Congressman Denny Heck
Representing the 10th District of Washington
Revenue up, but so are the state’s challenges
K-12 FUNDING, WORKER PAY: The latest quarterly revenue forecast for state government had good news for state budget writers and legislators next year. Collections of revenue since June have exceeded expectations by $336 million for the budget cycle ending in June 2017.
Another $125 million or more is expected above the previous forecast for the 2017-19 biennium. That brings the total of newly expected funds to the neighborhood of a half-billion dollars for both budget periods. Taxes from real estate sales are a part of the increase.
All that is good, and better than the opposite — a decrease. But the growing economy isn’t a silver bullet for the state’s pending budget problem for the 2017-2019 biennium. That is the one that candidates for the House and Senate this year will be tackling in January.
First, the new money isn’t nearly enough to solve the state’s K-12 funding problem. In what is known as the McCleary decision, the state Supreme Court found the state’s funding of K-12 public schools is unconstitutional, because it relies too much on local school property tax levies that vary widely community to community.
Solving that problem could require another $3.5 billion in new school spending in the 2017-19 budget cycle. Other state needs compete for those dollars.
Already, we’ve gotten the first glimpse of higher costs for state payrolls. A tentative contract recently negotiated with the Washington Federation of State Employees could cost $170 million for general government agencies alone.
The contract calls for a 6 percent increase that would be granted in three steps of 2 percent starting next July 1 and ending in January 2019. The agreement reached with Gov. Jay Inslee’s labor office still needs to be ratified by state workers. It also must pass muster at the state Office of Financial Management as financially feasible and win the Legislature’s approval.
Republican Sen. John Braun of Centralia is already estimating that all state-government contracts could exceed $500 million in new labor costs for the next budget cycle. If true, that would more than eat up this week’s increase.
Braun said it is possible that lawmakers reject the contracts next year. There are not yet enough facts on the table to fairly judge the merit of the contracts, but paying state employees competitive wages should be considered a cost of doing business for government.
WTO RULING IS GOOD FOR WASHINGTON: A panel for the World Trade Organization found the European Union had not sufficiently limited the illegal subsidies given to Airbus, a major competitor to Boeing for global aircraft sales.

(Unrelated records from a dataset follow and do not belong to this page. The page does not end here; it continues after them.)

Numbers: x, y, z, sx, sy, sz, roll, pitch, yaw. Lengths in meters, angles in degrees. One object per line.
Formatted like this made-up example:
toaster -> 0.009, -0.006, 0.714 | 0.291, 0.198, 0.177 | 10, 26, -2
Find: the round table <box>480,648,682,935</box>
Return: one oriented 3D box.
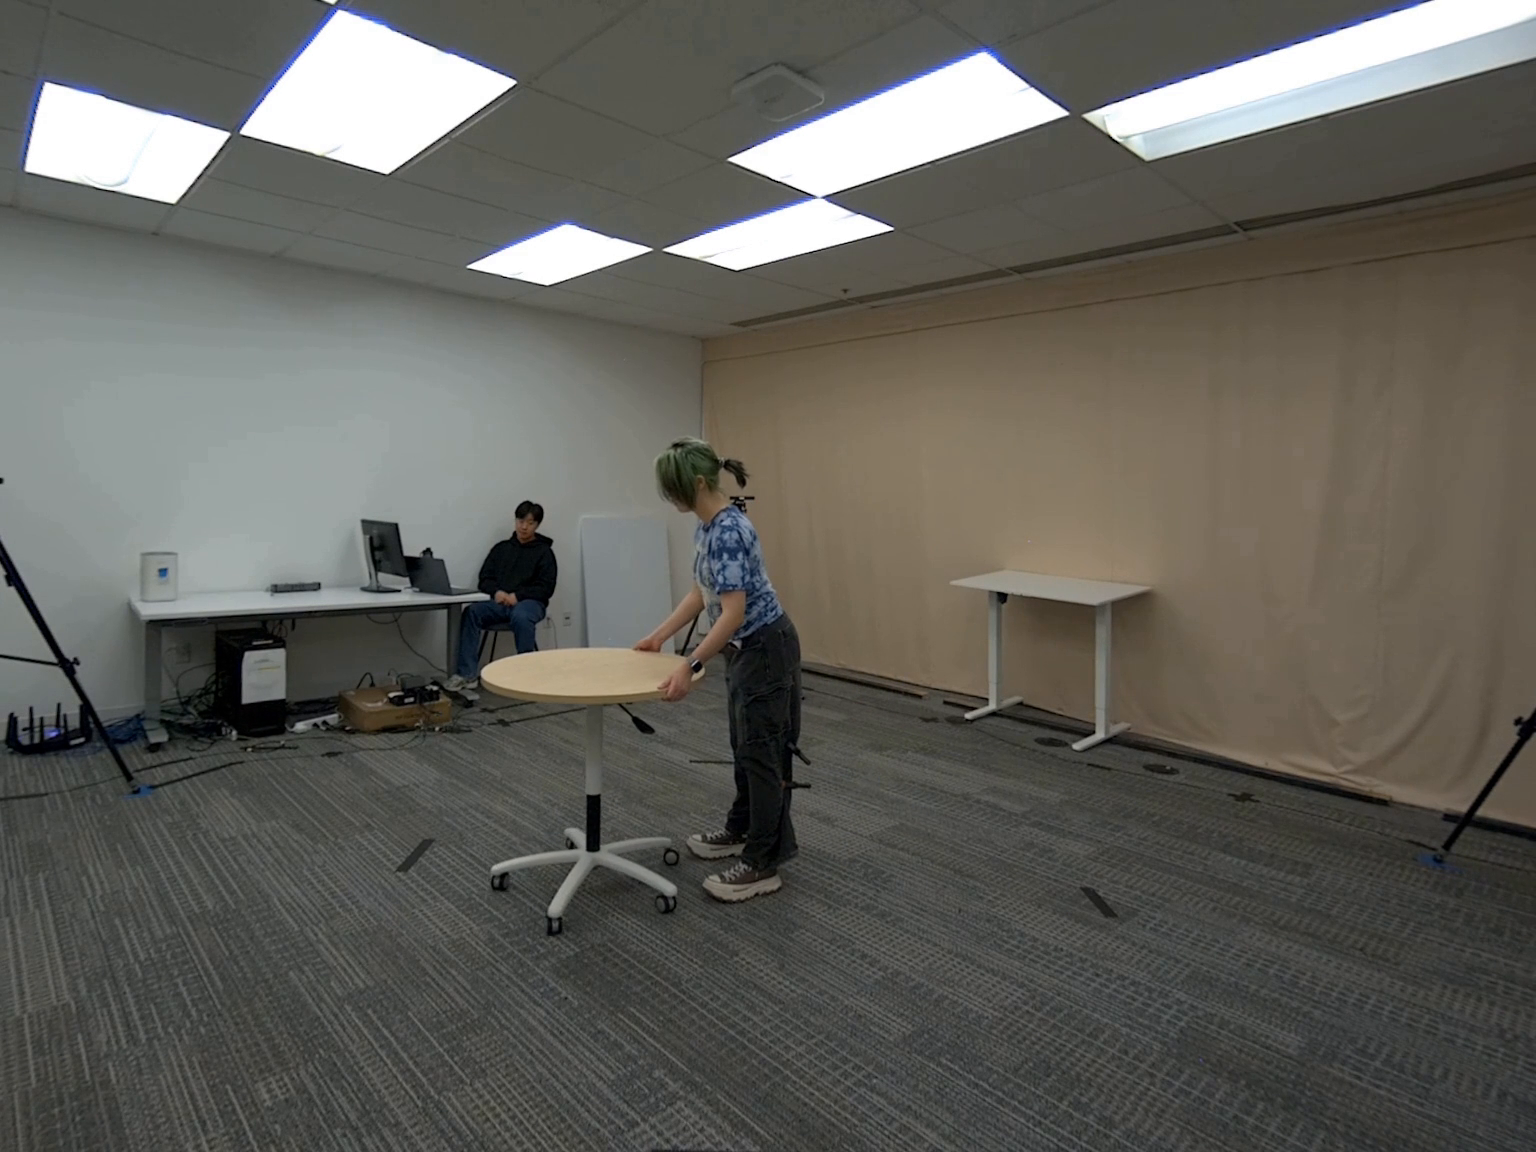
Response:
round table -> -0.609, 0.719, 2.950 | 0.763, 0.792, 0.767 | 1, 4, -1

In total, some $22 billion in subsidies were identified over many years. The finding could let the U.S. seek countermeasures. This comes after the EU sued the U.S. over some $2.7 billion in subsidies to Boeing that the WTO ruled were illegal about five years ago. The assistance given to Boeing included 20-year tax breaks that Washington lawmakers granted in 2003 for the Dreamliner jet.
The worst outcome here would be a trade war with each side putting up barriers to trade. But the ruling does show that these trade organizations — and agreements — can work both ways. U.S. workers should gain from this ruling, even if it has taken a decade or more to get justice.
U.S. Rep. Denny Heck, an Olympia Democrat, said the ruling levels the playing field between Airbus and Boeing. He predicted that with the same rules in play for the U.S. and other countries, “Boeing and American manufacturing will come out on top.’’ One would hope so.